Or in other words, would it be acceptable to ignore the other variables in the path model and plot the interaction just like in a normal/simple regression analysis?
 Bengt O. Muthen posted on Wednesday, January 13, 2016 - 12:17 pm
Check our Mediation page on our website and the description of ex 318 plotting.
 Sofie Wouters posted on Thursday, January 14, 2016 - 7:29 am
I may be wrong but isn't the example about a model with only one dependent variable? I was wondering about plotting interactions in a model with more than one dependent variable? In such a model, do you plot an interaction on a specific DV like you do in this example thus ignoring the other DVs in the plot?
 Bengt O. Muthen posted on Thursday, January 14, 2016 - 6:11 pm
Yes, you do one DV at a time.
 Sofie Wouters posted on Tuesday, January 19, 2016 - 3:18 am
OK, thanks a lot!
 Rebecca Lazarides posted on Wednesday, July 27, 2016 - 3:32 am
Dear Drs Muthen,

according to the instructions on your website, I use the syntax below to plot a latent interaction.

However, I get the following error message:

*** ERROR in MODEL CONSTRAINT command
A parameter label or the constant 0 must appear on the left-hand side
of a MODEL CONSTRAINT statement.

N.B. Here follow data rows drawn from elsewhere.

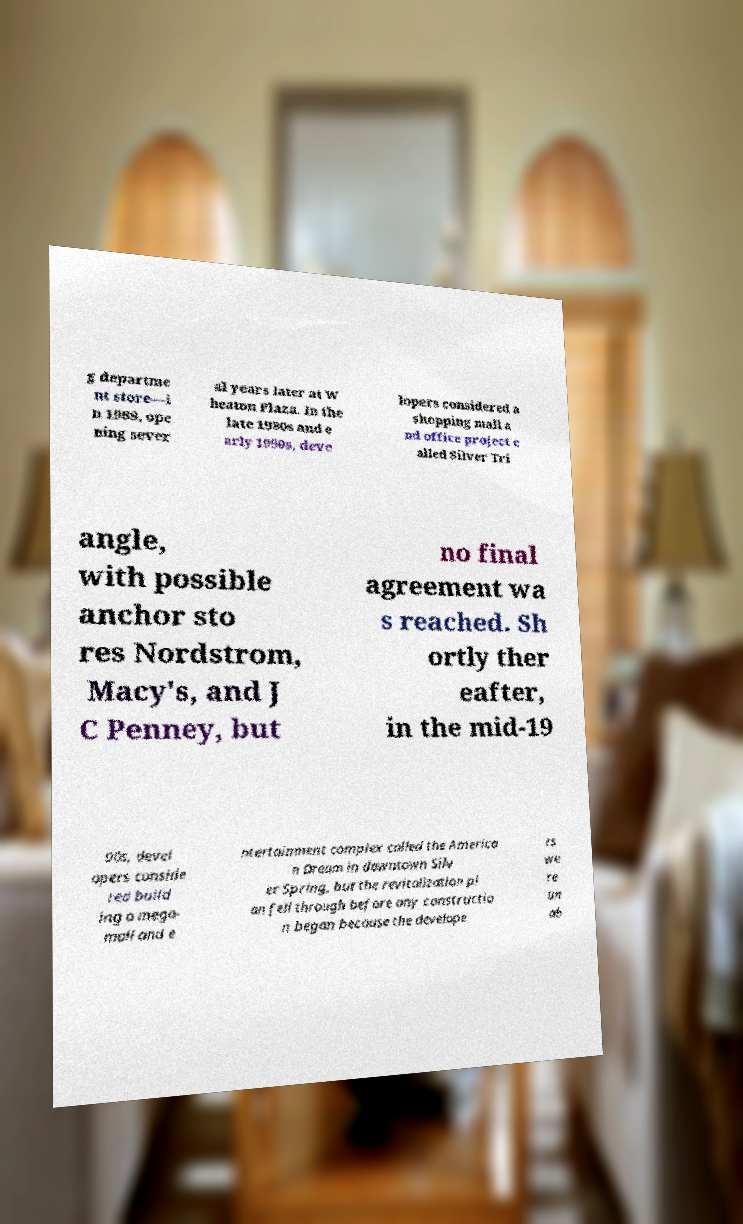Can you read and provide the text displayed in the image?This photo seems to have some interesting text. Can you extract and type it out for me? g departme nt store—i n 1989, ope ning sever al years later at W heaton Plaza. In the late 1980s and e arly 1990s, deve lopers considered a shopping mall a nd office project c alled Silver Tri angle, with possible anchor sto res Nordstrom, Macy's, and J C Penney, but no final agreement wa s reached. Sh ortly ther eafter, in the mid-19 90s, devel opers conside red build ing a mega- mall and e ntertainment complex called the America n Dream in downtown Silv er Spring, but the revitalization pl an fell through before any constructio n began because the develope rs we re un ab 
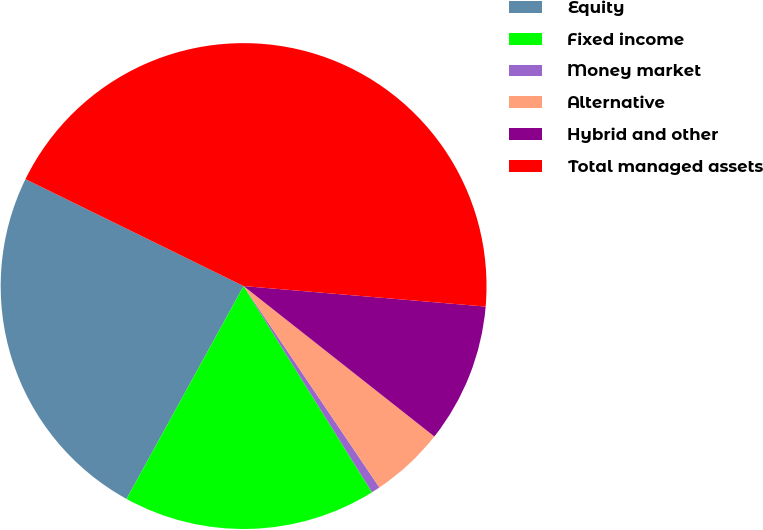<chart> <loc_0><loc_0><loc_500><loc_500><pie_chart><fcel>Equity<fcel>Fixed income<fcel>Money market<fcel>Alternative<fcel>Hybrid and other<fcel>Total managed assets<nl><fcel>24.25%<fcel>16.86%<fcel>0.58%<fcel>4.93%<fcel>9.28%<fcel>44.09%<nl></chart> 
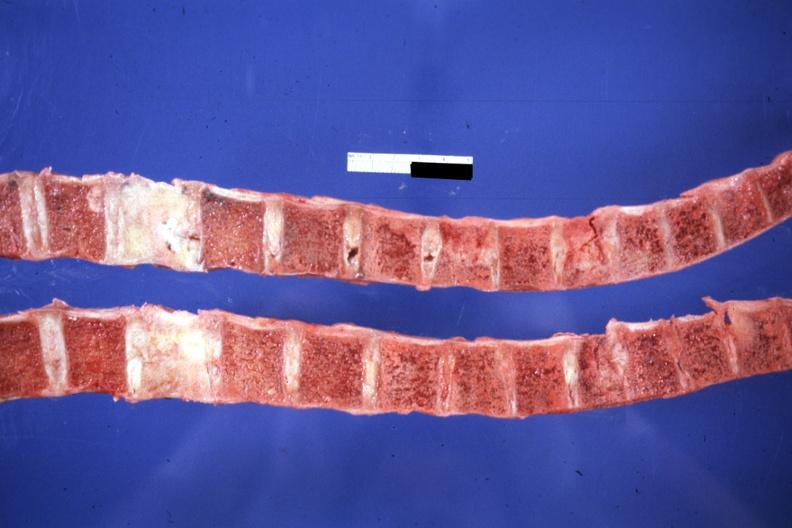do saggital section typical not know history but probably breast lesion?
Answer the question using a single word or phrase. Yes

Problem with the following:
HIGHF2) =

Here is the syntax:

Model Constraint:

NEW (lowf2 highf2);
PLOT (lowf2 highf2);
LOOP (f1, -3, 3, 0.1);
lowf2 = (b1+b3*(-1))*f1+b2*(-1);
highf2 = (b1+b3*(+1))*f1+b2*(+1);

It seems that Mplus (version 6) does have problems with PLOT (lowf2 highf2) but I am not sure what exctly the problem is.

Thanks for your help!
 Linda K. Muthen posted on Wednesday, July 27, 2016 - 6:27 am
The LOOP and PLOT options were not available in Version 6.
 Kim Betts posted on Thursday, October 05, 2017 - 5:00 am
Hi,

I have run a latent variable interaction by which the two IV's are latent while the DV is observed continuous.

I have followed the code in the FAQ regarding implementing and graphing interactions, and the coefficients are as expected.

However, I don't understand why the y-axis of my loop plot ranges from -19 to 19 when my observed outcome ranges from 1 to 100?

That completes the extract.